Items from a data source:
Content starts
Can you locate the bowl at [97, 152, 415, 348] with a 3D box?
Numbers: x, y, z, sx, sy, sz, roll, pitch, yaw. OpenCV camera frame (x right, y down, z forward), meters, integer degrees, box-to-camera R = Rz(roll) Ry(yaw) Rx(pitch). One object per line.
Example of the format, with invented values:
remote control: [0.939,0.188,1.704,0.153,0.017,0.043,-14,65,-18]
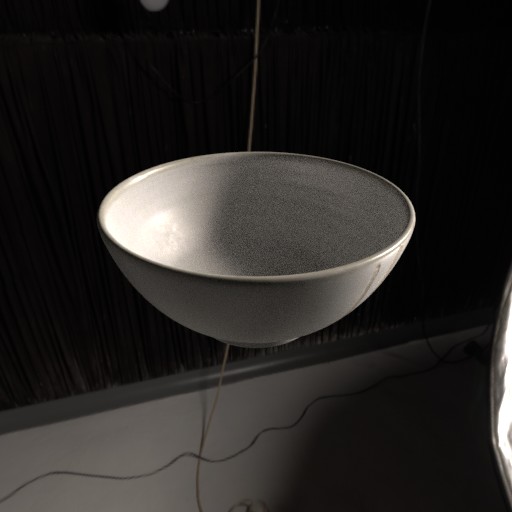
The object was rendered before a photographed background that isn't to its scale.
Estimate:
bowl: [0.000,0.000,0.419,0.268,0.121,0.268,0,30,0]
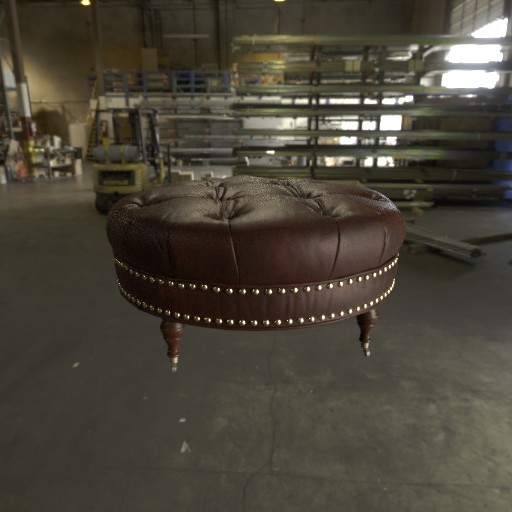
Content ends
No picture should be included when the data are set down again exactly.

- [SOLUTION]
Can you locate the bowl at [97, 152, 415, 348] with a 3D box?
Numbers: x, y, z, sx, sy, sz, roll, pitch, yaw. OpenCV camera frame (x right, y down, z forward), meters, integer degrees, box-to-camera R = Rz(roll) Ry(yaw) Rx(pitch). One object per line.
Example of the format, with invented values:
remote control: [0.939,0.188,1.704,0.153,0.017,0.043,-14,65,-18]
The object was rendered before a photographed background that isn't to its scale.
Estimate:
bowl: [0.000,0.000,0.419,0.268,0.121,0.268,0,30,0]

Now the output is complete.